A story of a school

A couple of weeks ago, I went on a field trip with UNICEF to a small school in the hills outside Gleno town in Timor-Leste’s coffee-rich Ermera municipality. I was writing a story about new school buildings UNICEF has funded, which I’ve now done a couple of times in different villages across the country.

This school was far and away the best I’ve seen in all those trips. I was blown away. It wasn’t supposed to be… good.

IMG_2281[1]Ermera mountain forests on the way up from Dili

Timor-Leste’s education system was utterly kneecapped during two waves of colonisation and has struggled to recover in the 15 years since independence was restored.

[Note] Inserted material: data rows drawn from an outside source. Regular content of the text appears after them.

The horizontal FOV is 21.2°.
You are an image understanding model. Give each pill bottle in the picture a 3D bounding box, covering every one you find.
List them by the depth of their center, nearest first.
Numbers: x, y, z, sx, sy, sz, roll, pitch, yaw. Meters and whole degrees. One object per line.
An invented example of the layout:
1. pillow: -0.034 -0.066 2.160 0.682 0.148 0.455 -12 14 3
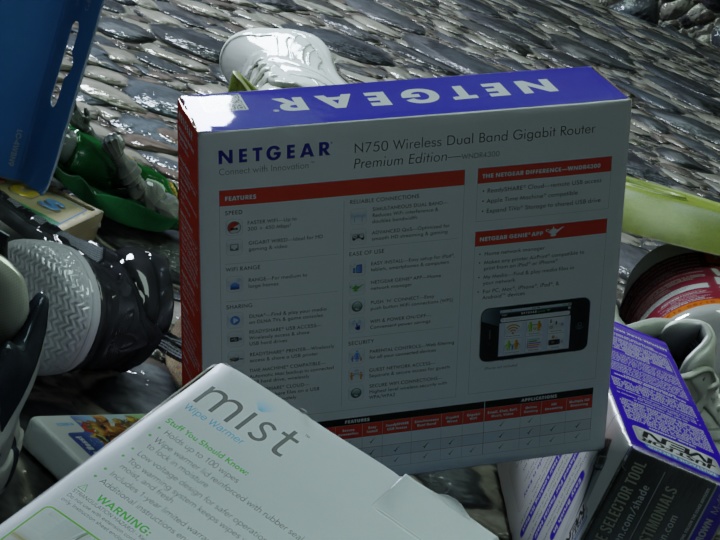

The first, Portugal’s, saw barely any investment into the then-neglected colony, which Portugal considered a convenient source of sandalwood wealth and a strategic thorn in the side of its colonial competitor, Holland – and not very much more. Little development occurred outside of Dili, and the few schools that were supported were taught in Portuguese, which remains an official language through little more than the fact it was a less political choice of administrative tongue after the Indonesian occupation ended in 1999. (Tetun, Timor-Leste’s most widely spoken local language and the country’s other official language was said to lack the sophistication required of an administrative or legal vernacular, and curricula for many grades still choose Portuguese as the language of instruction).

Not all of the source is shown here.